I have tried searching here, and looked through the documentation/manual, etc… and still couldn’t find the answer. So I apologize if this has been answered. The few things I have seen say “go to project settings and set root note to whatever your root note you want…” however I cannot find this setting anywhere.
I am trying to figure out how do I limit the notes in the fill to notes in a particular scale.
For instance, if I want to do a fill but only do notes in D major between two octaves - how would I achieve this?
I have tried doing the following fill:
Where - Each
Step - 1
Scale - Major
From-To
From - D3
To - D5
In which I would expect the output would be something like this:
D – E – F# – G – A – B – C# – D
However what I end up receiving is. D-E-F-G-A-B-C-D
I was wondering about this as well. I also remember reading something about being able to set that root note but I can’t remember where I saw it from. Maybe it was from the original Tracker manual.
It would be nice if this was added to the Mini as well.
Apologies , @abridgeman85 I didn’t understand your workaround answer . I would love to understand if there is a workaround here to the FILL randomly across a range within a specific key on the Mini , like you can on the OG .
Do you mean each time you use FILL it fills in notes in C , so just then select all the notes and transpose up/down until you get a key that works ?
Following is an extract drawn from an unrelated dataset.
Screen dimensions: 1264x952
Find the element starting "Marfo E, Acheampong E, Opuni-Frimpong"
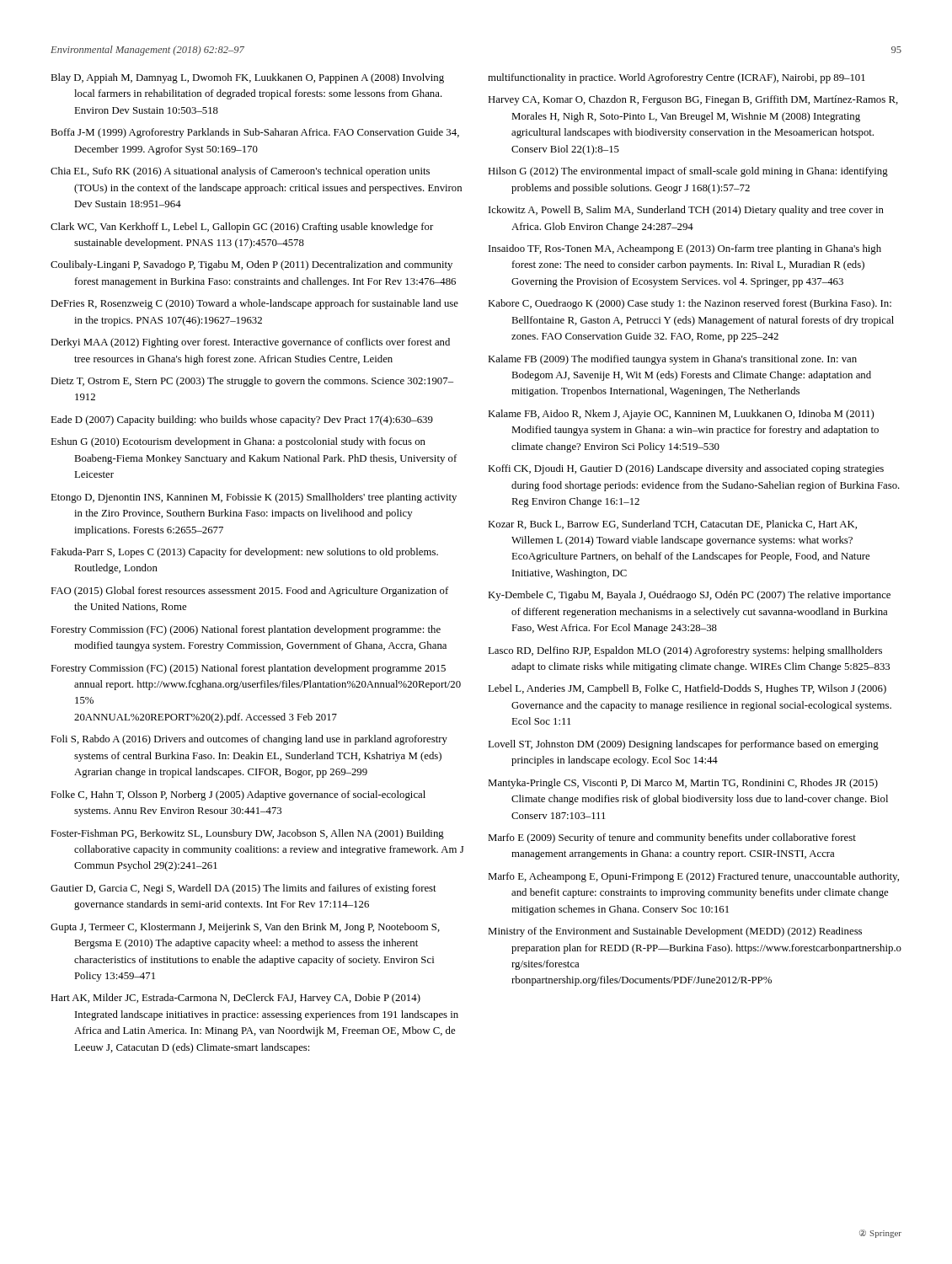[694, 893]

That’s right, if it fills in C each time, then pick the scale you’re using (so if in D minor then pick minor), then transpose the notes that are generated up or down until you hit your root note (so if your root is D then move it down two steps)
So the workaround I am doing is ;
Use FILL as per the manual instructions. After doing that , I am then selecting all of the notes in the track and transposing it , as suggested by @abridgeman85 , into the root note of the key I want , by assuming all the FILL notes that have been generated are in C.
So , to get the notes generated by FILL into C# , I just select all the notes in the track and transpose it up (+) by a semi tone.
I just came searching to see if anyone posted about this. I was testing filling random notes in A minor, meaning there should be no sharps, and somehow I ended up with several. Glad to see it’s not just me and I’m not missing something obvious. I basically followed the workaround @abridgeman85 mentioned and that worked, but something tells me this is a bug.